Vor dem Unfall hatte Osama Hoffnung – auf ein besseres Leben, einen sicheren Job, mehr Stabilität für seine Familie. „Ich träumte davon, mein Einkommen zu verbessern, vielleicht etwas Eigenes aufzubauen“, sagt er. Heute kann er weder arbeiten noch sich selbstständig bewegen. „Ich kann nicht arbeiten, nicht springen – nicht einmal alleine auf die Toilette gehen“, sagt er mit schmerzlicher Ehrlichkeit.

Seine körperliche Verletzung ist nur ein Teil des Leids. Auch seelisch hat der Unfall Spuren hinterlassen. Die mitleidigen Blicke der Menschen in seiner Umgebung, die Hilflosigkeit – all das hat ihn tief erschüttert. „Ich hatte die Hoffnung auf ein normales Leben verloren“, sagt Osama. Und doch war da jemand, der ihn auffing: seine Familie. „Ohne sie hätte ich das Trauma nicht überstanden.“

Ein unsichtbarer Feind: Landminen

Osama ist kein Einzelfall. In Rakka und in vielen Regionen Syriens lauern Landminen und explosive Kriegsreste weiterhin an zahllosen Orten – in Häusern, auf Feldern, am Straßenrand. Diese unsichtbaren Gefahren töten, verletzen und hinterlassen oft bleibende Behinderungen. Osama kennt mehrere Menschen, die ähnliche Schicksale erlitten haben.

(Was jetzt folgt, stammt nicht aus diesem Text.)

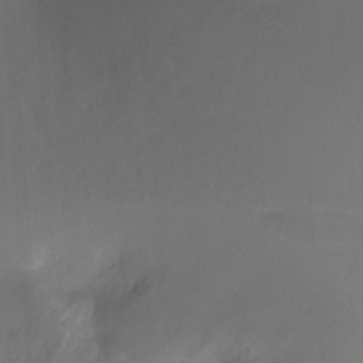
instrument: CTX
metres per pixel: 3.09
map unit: Hto
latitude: -8.8786
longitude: -46.7247
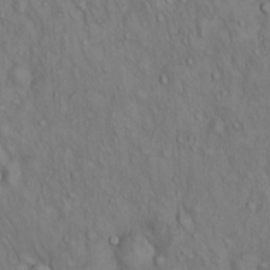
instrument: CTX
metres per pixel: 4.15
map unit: Hto
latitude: 14.5357
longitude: -59.5371
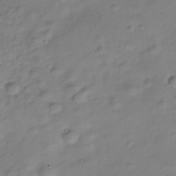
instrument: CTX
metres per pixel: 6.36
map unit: Hve
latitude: -29.0298
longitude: 93.7667
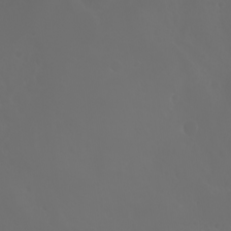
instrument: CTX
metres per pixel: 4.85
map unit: Htu
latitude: -1.7289
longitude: -76.3278
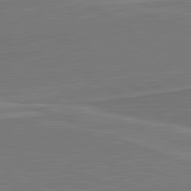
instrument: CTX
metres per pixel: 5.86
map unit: lApd
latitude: 82.3089
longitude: 140.9353
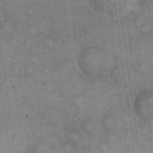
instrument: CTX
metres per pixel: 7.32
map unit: eHh
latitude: 20.4223
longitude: -60.7813
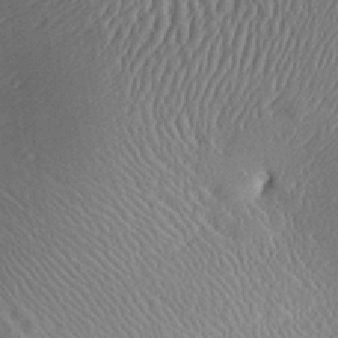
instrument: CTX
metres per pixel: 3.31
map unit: Aa
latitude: 28.4790
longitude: -136.8758
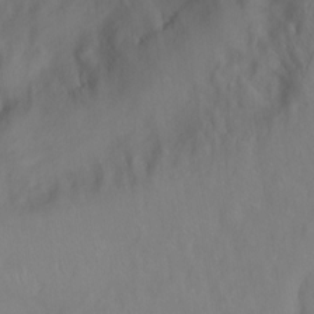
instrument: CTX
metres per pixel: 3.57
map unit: Ht
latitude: -2.0661
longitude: -33.5182
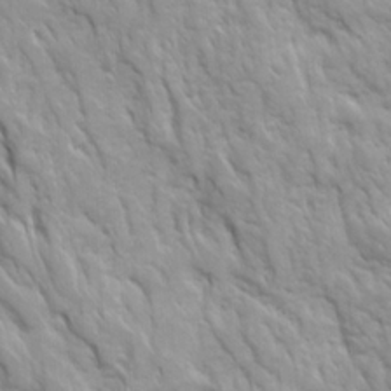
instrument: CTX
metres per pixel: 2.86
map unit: Ave
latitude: 16.3656
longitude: -131.8206
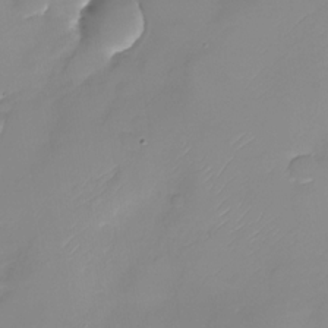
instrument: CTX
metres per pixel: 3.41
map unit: Nhu
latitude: -28.6707
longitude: -63.8773
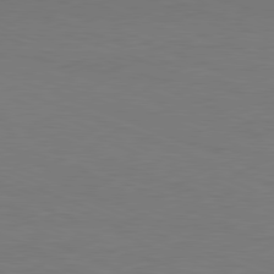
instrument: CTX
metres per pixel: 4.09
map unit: Hpe
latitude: -81.7478
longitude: 9.1620

Heute erhält er Unterstützung von Handicap International im Nationalkrankenhaus von Rakka. Rehabilitationsmaßnahmen und Gehhilfen helfen ihm, mit der neuen Realität umzugehen. „Mit den Krücken kann ich mich wieder bewegen. Jetzt warte ich auf eine Beinprothese“, sagt er.
Sein Ziel bleibt klar: „Ich will wieder arbeiten. Am liebsten würde ich ein kleines Projekt starten, mit dem ich meine Familie versorgen kann.“

„Verliert niemals die Hoffnung“

Osama weiß, wie dunkel die Tage werden können – und trotzdem gibt er seine Hoffnung nicht auf. An andere Betroffene richtet er eine klare Botschaft:
„Verliert niemals die Hoffnung. Das Leben muss weitergehen – egal, wie schwer es ist.“

Die gewaltige Herausforderung der Minenräumung in Syrien

Die Räumung Syriens von Minen und explosiven Kriegsresten wird Jahrzehnte dauern. Der Grad der Verseuchung ist enorm. In Regionen wie Deir-Ezzor, Idlib oder Aleppo, die fast 14 Jahre Krieg hinter sich haben, ist die Lage besonders dramatisch.

Auch unter Wasser, in ländlichen Gebieten und in Städten müssen Minen beseitigt werden – denn sie blockieren den Zugang zu Wasserbrunnen, Flüssen und Feldern, die für das tägliche Überleben unerlässlich sind.

Seit dem Beginn des Konflikts sind durch Minen und Kriegsreste über 1.100 Menschen ums Leben gekommen, darunter fast 500 Kinder und Erwachsene – die Dunkelziffer dürfte weit höher liegen. Viele Menschen überleben nur schwer verletzt: Rund ein Viertel der Unfälle führte zu Amputationen. In Deir-Ezzor, wo nur ein einziges Krankenhaus existiert, ist die Lage besonders prekär.

Zwei Drittel der Explosionen ereignen sich auf landwirtschaftlich genutztem oder brachliegendem Land. Besonders gefährlich wird es, wenn Bewohner versuchen, Minen selbst zu entfernen – ohne Schutz und ohne Fachkenntnis.